In litigation over university ownership of inventions, Wilmer litigation partner Mark Fleming, arguing for the first time in the Supreme Court, successfully defended Roche Molecular Systems Inc. in a dispute with Stanford University. Stanford sued Roche for alleged infringement over the company’s HIV test kits, saying the university owned the patents because the technology behind them was developed by a university researcher using federal funding.

The high court ruled, 7-2, for Roche, marking the first time the Court has upheld a judgment from the U.S. Court of Appeals for the Federal Circuit when the government was urging reversal. “The basic principle in American law is if you invent something the patent is presumptively yours,” Fleming said. “That’s been the law for 200 years, and the Court didn’t change that.”
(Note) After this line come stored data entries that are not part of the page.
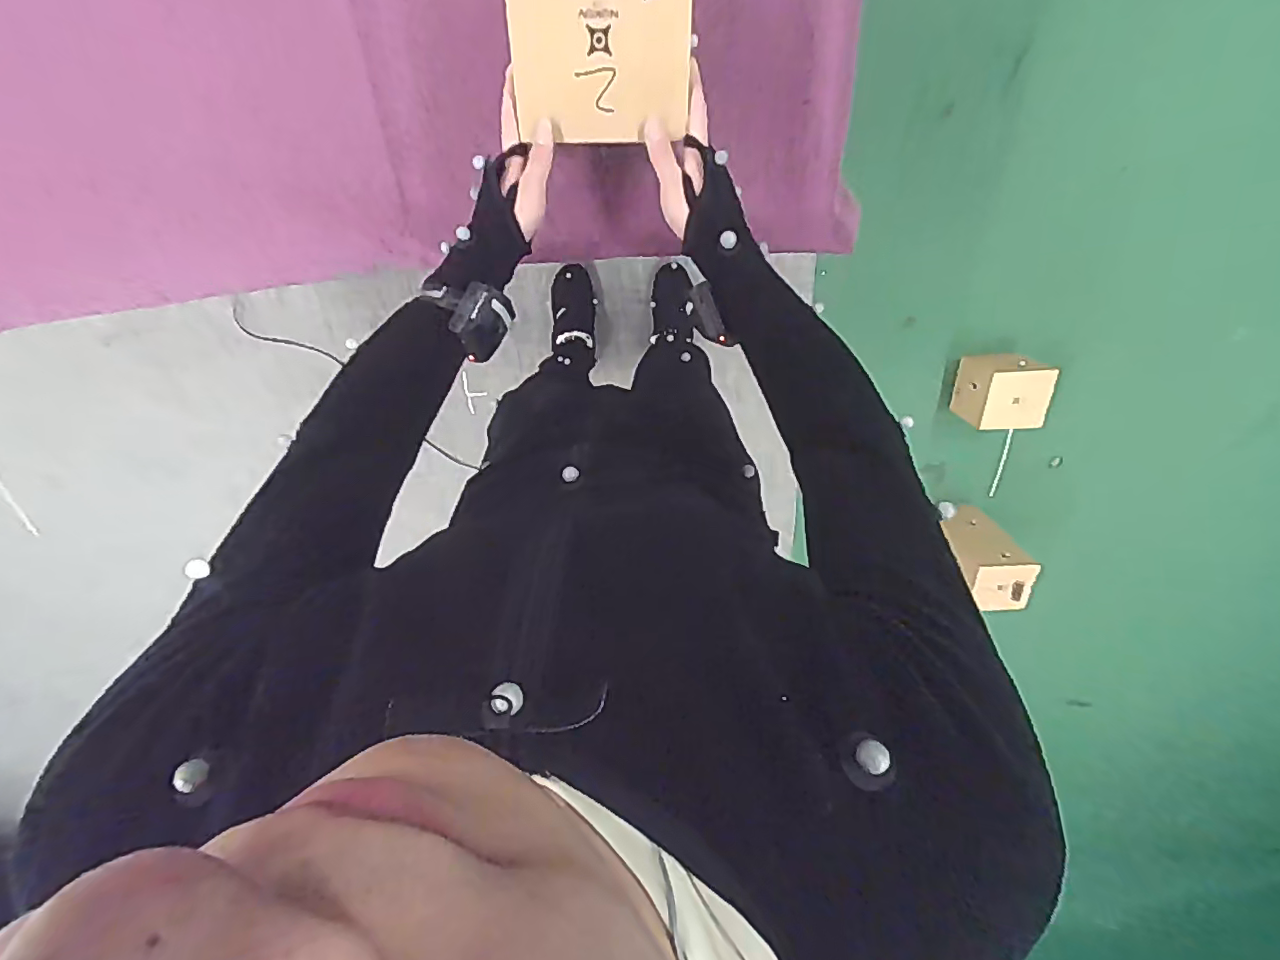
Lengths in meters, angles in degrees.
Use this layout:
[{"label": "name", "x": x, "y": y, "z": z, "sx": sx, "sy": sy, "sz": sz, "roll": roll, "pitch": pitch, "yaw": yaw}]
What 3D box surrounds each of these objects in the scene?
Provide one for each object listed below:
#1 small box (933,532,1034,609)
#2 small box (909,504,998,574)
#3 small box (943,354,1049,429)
[{"label": "small box", "x": 1.026, "y": 0.269, "z": 1.629, "sx": 0.179, "sy": 0.176, "sz": 0.168, "roll": -3, "pitch": 118, "yaw": 0}, {"label": "small box", "x": 1.019, "y": 0.190, "z": 1.773, "sx": 0.179, "sy": 0.176, "sz": 0.168, "roll": -2, "pitch": 118, "yaw": -1}, {"label": "small box", "x": 1.002, "y": -0.256, "z": 1.540, "sx": 0.179, "sy": 0.176, "sz": 0.168, "roll": -4, "pitch": 118, "yaw": -1}]
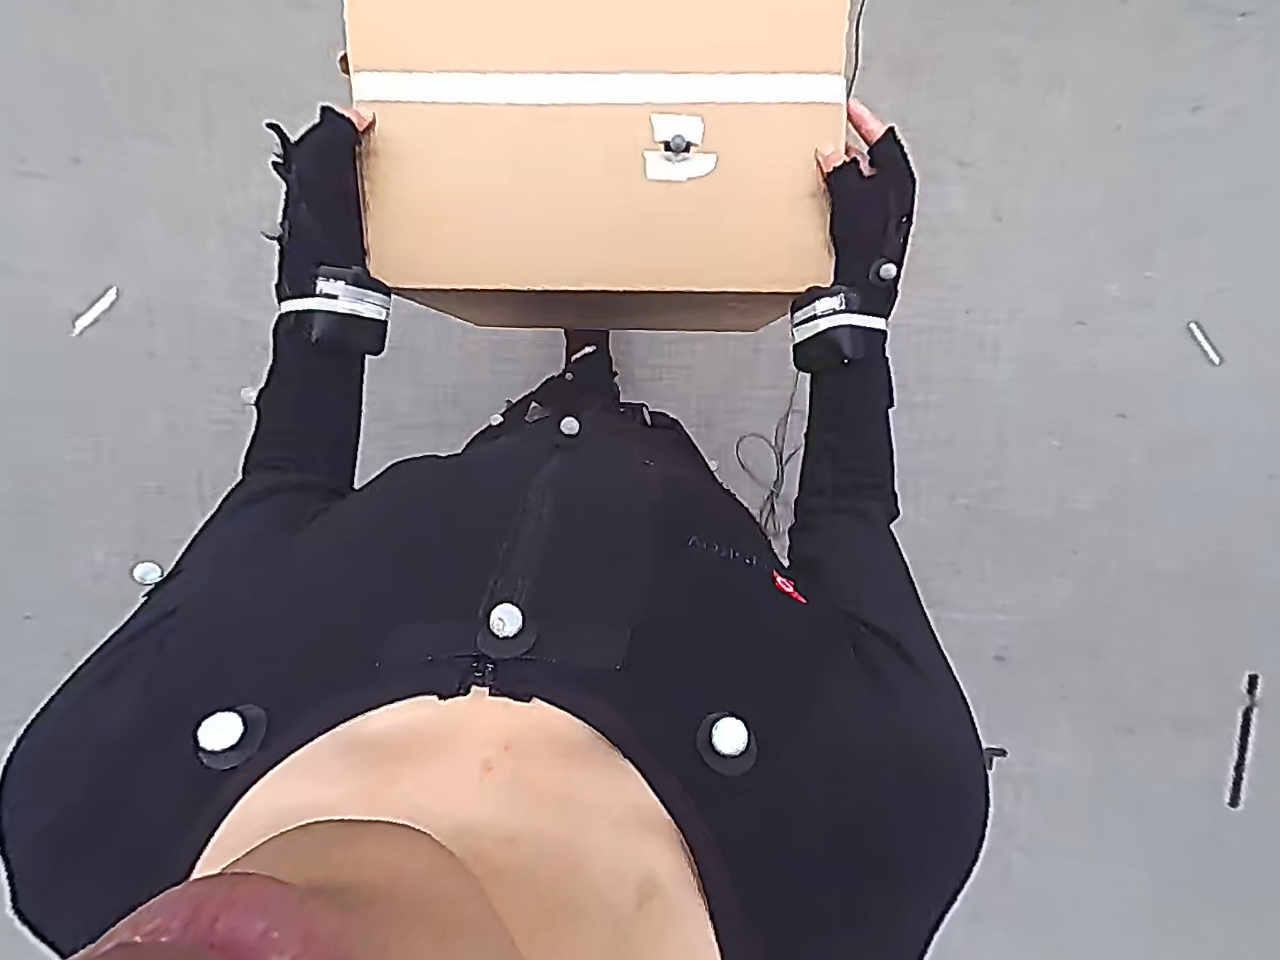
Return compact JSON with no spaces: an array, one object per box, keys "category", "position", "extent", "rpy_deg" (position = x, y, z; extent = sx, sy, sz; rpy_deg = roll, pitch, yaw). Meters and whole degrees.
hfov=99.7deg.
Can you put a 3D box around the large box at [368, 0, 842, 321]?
[{"category":"large box","position":[-0.031,-0.359,0.608],"extent":[0.408,0.320,0.320],"rpy_deg":[1,100,0]}]

Representing i4i L.P., a Canadian software consulting company, Wilmer partner Seth Waxman convinced the high court in a unanimous decision not to strike down a $290 million jury verdict against Microsoft Corp. The suit against the software giant alleged that versions of its Word software infringed i4i patents on a method for editing documents. The Court ruled that the clear and convincing evidence standard, rather than the preponderance standard, should be used to prove an alleged patent infringer’s invalidity defense.

Partner William Lee described Wilmer’s year as “robust.” Lee, who last year successfully represented Abbott Laboratories in the Federal Circuit, attributed the firm’s success to combining the core IP practice with technically trained lawyers, including trial attorneys and appellate litigators. The Abbott case, Lee said, involved “one of the most successful drugs in history, billions of dollars of damages and several cutting-edge patent issues.” Centocor sued Abbott over its drug Humira, used to treat autoimmune disorders. Despite a loss in Texas, Abbott stuck with Wilmer in what Lee termed “the importance of a meaningful long-term strategy.”

In February 2011, the appeals court overturned a $1.67 billion patent-infringement verdict against Abbott. “Through defeat and victory, Abbott was resolute in its commitment to the firm,” Lee said.